━━━ Supplied records ━━━
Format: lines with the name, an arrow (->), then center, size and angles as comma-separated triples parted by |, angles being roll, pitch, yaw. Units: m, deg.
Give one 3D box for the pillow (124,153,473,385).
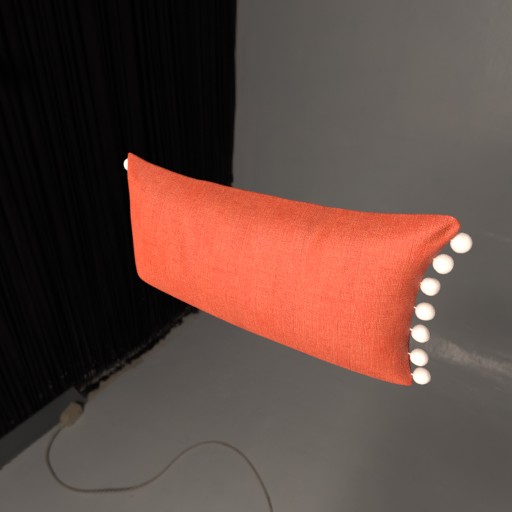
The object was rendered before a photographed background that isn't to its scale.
pillow -> 0.000, 0.000, 0.841 | 0.709, 0.322, 0.201 | 18, 34, 29
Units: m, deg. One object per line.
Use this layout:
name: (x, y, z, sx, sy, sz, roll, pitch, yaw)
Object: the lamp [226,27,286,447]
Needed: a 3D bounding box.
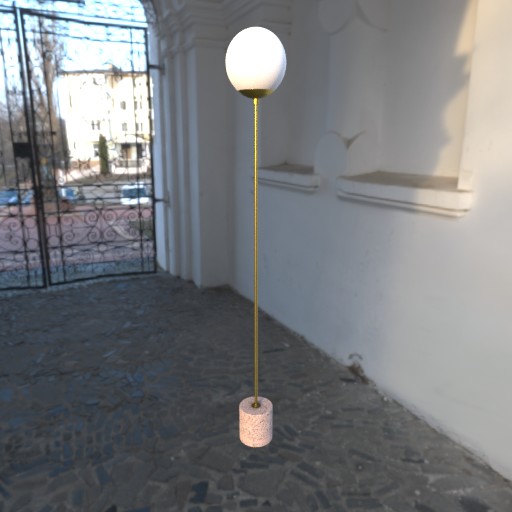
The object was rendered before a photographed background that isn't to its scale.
lamp: (0.000, 0.000, 1.862, 0.229, 1.748, 0.229, -2, 15, -8)
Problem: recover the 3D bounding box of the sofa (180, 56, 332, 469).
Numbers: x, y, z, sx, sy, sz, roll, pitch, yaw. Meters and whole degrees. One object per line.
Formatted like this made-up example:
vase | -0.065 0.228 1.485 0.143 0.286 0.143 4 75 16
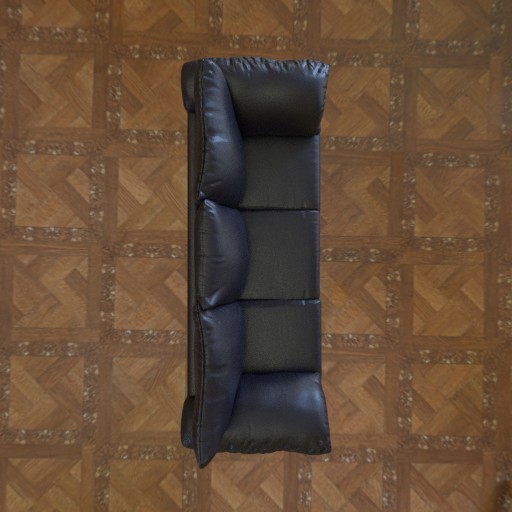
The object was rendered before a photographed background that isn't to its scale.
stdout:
sofa | 0.000 0.000 2.808 0.880 1.073 2.336 0 89 -1
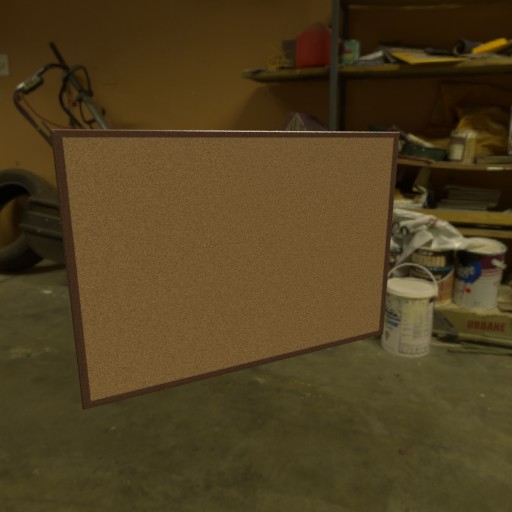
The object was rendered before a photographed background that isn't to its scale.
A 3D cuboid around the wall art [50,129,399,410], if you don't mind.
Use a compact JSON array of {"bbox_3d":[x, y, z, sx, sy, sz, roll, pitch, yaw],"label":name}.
[{"bbox_3d":[0.000,0.000,0.837,0.660,0.455,0.014,-7,17,-26],"label":"wall art"}]
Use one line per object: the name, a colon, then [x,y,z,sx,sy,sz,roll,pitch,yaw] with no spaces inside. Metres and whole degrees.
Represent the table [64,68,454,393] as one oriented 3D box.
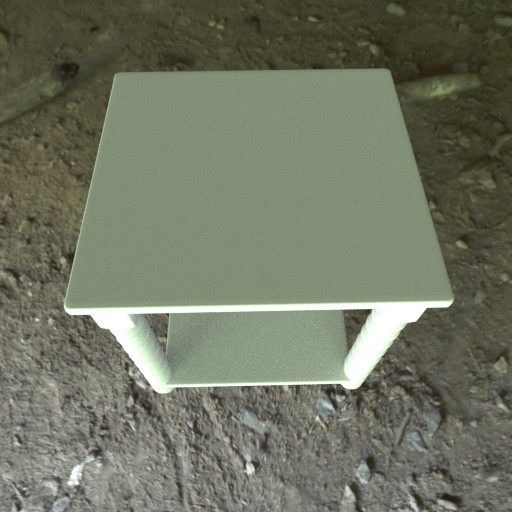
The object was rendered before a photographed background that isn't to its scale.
table: [0.000,0.000,0.965,0.533,0.563,0.500,-1,59,-1]
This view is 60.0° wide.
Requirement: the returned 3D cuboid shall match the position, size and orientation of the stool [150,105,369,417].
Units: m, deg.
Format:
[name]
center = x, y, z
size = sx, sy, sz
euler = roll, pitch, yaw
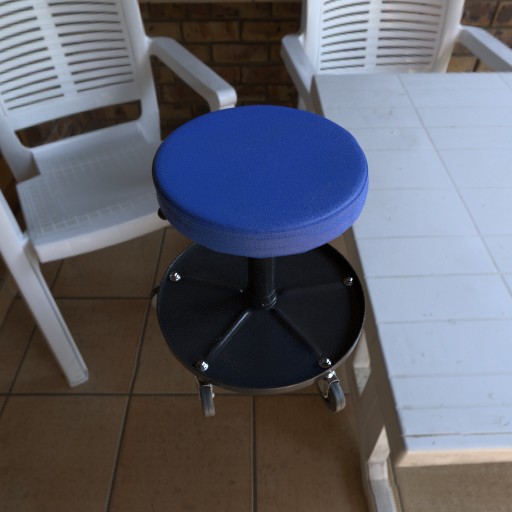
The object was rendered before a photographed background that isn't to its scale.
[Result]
[stool]
center = 0.000, 0.000, 0.684
size = 0.382, 0.365, 0.381
euler = -4, 47, -4
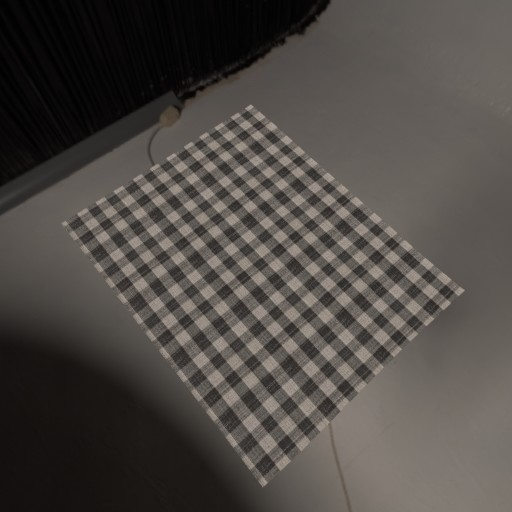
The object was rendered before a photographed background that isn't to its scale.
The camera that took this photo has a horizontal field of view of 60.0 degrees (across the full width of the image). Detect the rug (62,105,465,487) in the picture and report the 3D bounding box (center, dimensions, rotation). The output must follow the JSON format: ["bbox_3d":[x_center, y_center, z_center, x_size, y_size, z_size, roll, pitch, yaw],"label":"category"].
[{"bbox_3d":[0.000,0.000,4.179,2.432,0.013,3.021,-37,69,-17],"label":"rug"}]
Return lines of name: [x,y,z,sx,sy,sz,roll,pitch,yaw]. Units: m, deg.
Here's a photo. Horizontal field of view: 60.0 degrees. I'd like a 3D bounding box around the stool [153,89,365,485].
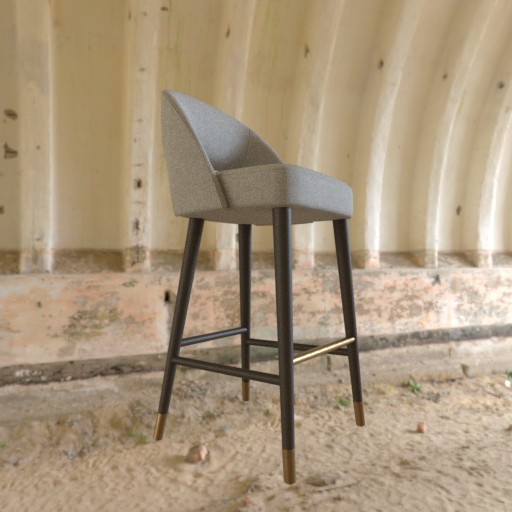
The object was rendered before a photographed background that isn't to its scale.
stool: [0.000,0.000,1.323,0.509,1.037,0.494,-1,-1,35]
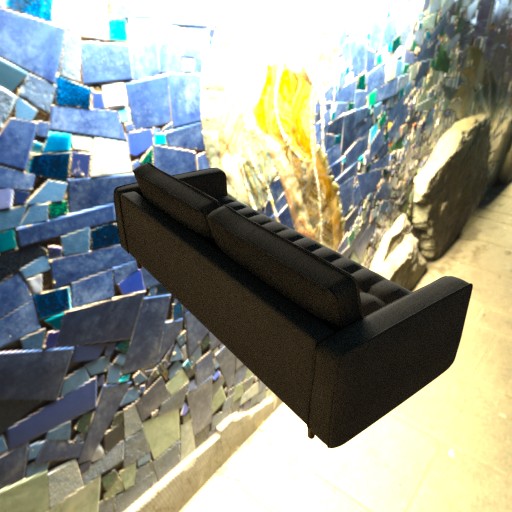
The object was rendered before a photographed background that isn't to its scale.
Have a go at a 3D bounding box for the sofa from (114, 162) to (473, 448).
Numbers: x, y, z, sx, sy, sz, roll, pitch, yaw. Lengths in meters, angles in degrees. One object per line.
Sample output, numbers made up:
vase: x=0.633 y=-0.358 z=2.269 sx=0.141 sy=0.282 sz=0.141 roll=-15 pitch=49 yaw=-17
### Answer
sofa: x=0.000 y=0.000 z=2.704 sx=0.923 sy=0.813 sz=2.295 roll=-19 pitch=34 yaw=-31
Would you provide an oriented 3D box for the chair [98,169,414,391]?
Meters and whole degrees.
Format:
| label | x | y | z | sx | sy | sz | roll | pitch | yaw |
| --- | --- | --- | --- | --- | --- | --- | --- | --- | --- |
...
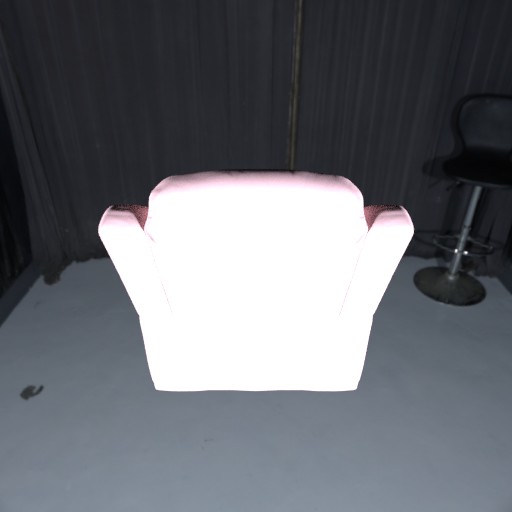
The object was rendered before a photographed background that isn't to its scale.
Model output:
| label | x | y | z | sx | sy | sz | roll | pitch | yaw |
| --- | --- | --- | --- | --- | --- | --- | --- | --- | --- |
| chair | 0.000 | 0.000 | 1.249 | 0.680 | 0.702 | 0.709 | 0 | 31 | 0 |
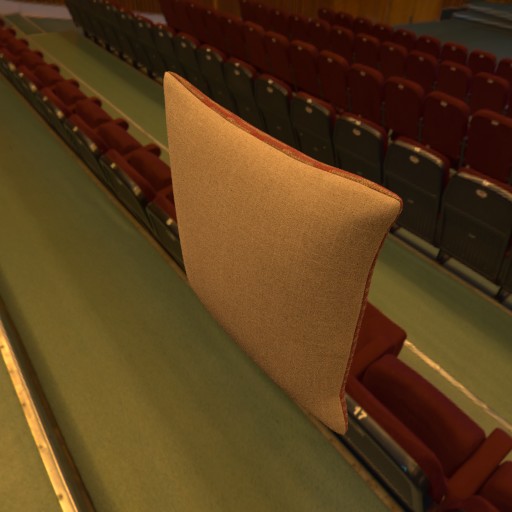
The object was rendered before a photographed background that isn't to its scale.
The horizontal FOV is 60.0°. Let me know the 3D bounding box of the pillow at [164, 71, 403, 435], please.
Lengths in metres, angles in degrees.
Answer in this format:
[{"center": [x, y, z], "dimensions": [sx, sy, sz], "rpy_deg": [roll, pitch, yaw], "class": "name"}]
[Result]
[{"center": [0.000, 0.000, 0.776], "dimensions": [0.182, 0.503, 0.511], "rpy_deg": [-27, 48, -27], "class": "pillow"}]
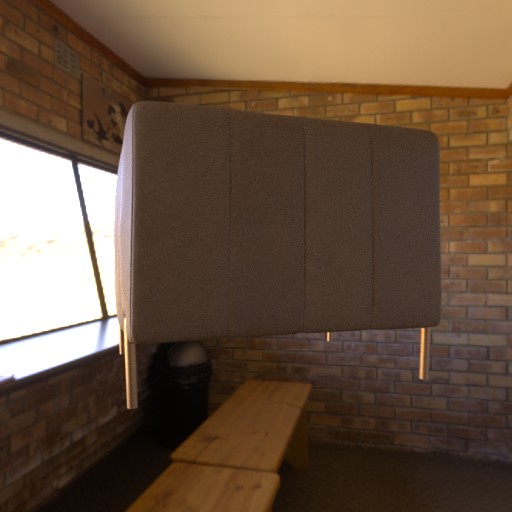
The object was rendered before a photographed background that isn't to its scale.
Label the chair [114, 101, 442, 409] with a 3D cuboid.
[{"bbox_3d":[0.000,0.000,1.605,0.981,0.779,0.876,0,0,-18],"label":"chair"}]
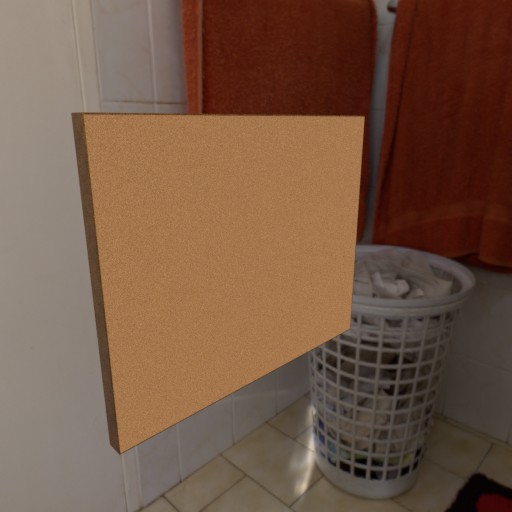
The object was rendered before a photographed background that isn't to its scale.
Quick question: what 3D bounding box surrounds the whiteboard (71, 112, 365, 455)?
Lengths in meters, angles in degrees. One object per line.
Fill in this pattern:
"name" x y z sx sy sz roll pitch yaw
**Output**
"whiteboard" 0.000 0.000 0.751 0.561 0.457 0.029 -16 23 -42
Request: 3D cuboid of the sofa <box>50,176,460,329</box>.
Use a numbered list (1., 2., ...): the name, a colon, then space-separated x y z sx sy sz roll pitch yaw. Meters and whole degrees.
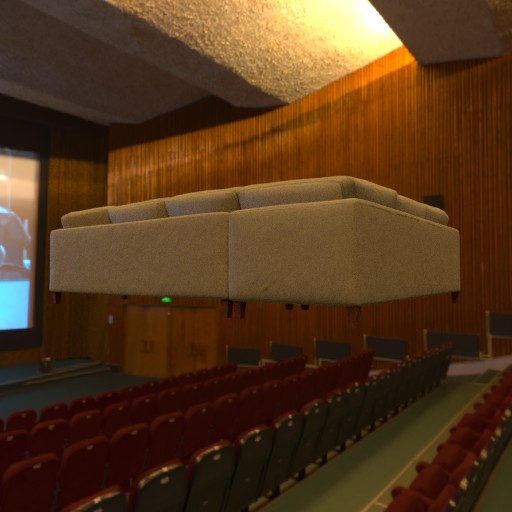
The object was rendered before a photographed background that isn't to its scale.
━━━
**Directions for this task**
Look above for the line with "The camera that" and the line with "Here's a photo."; transcribe both and all lines in between, exactly, and nothing else.

**Exercise solution**
The camera that took this photo has a horizontal field of view of 60.0 degrees (across the full width of the image). Detect the rug (62,105,465,487) in the picture and report the 3D bounding box (center, dimensions, rotation). The output must follow the JSON format: ["bbox_3d":[x_center, y_center, z_center, x_size, y_size, z_size, roll, pitch, yaw],"label":"category"].
[{"bbox_3d":[0.000,0.000,4.179,2.432,0.013,3.021,-37,69,-17],"label":"rug"}]
Return lines of name: [x,y,z,sx,sy,sz,roll,pitch,yaw]. Units: m, deg.
Here's a photo. Horizontal field of view: 60.0 degrees. I'd like a 3D bounding box around the stool [153,89,365,485].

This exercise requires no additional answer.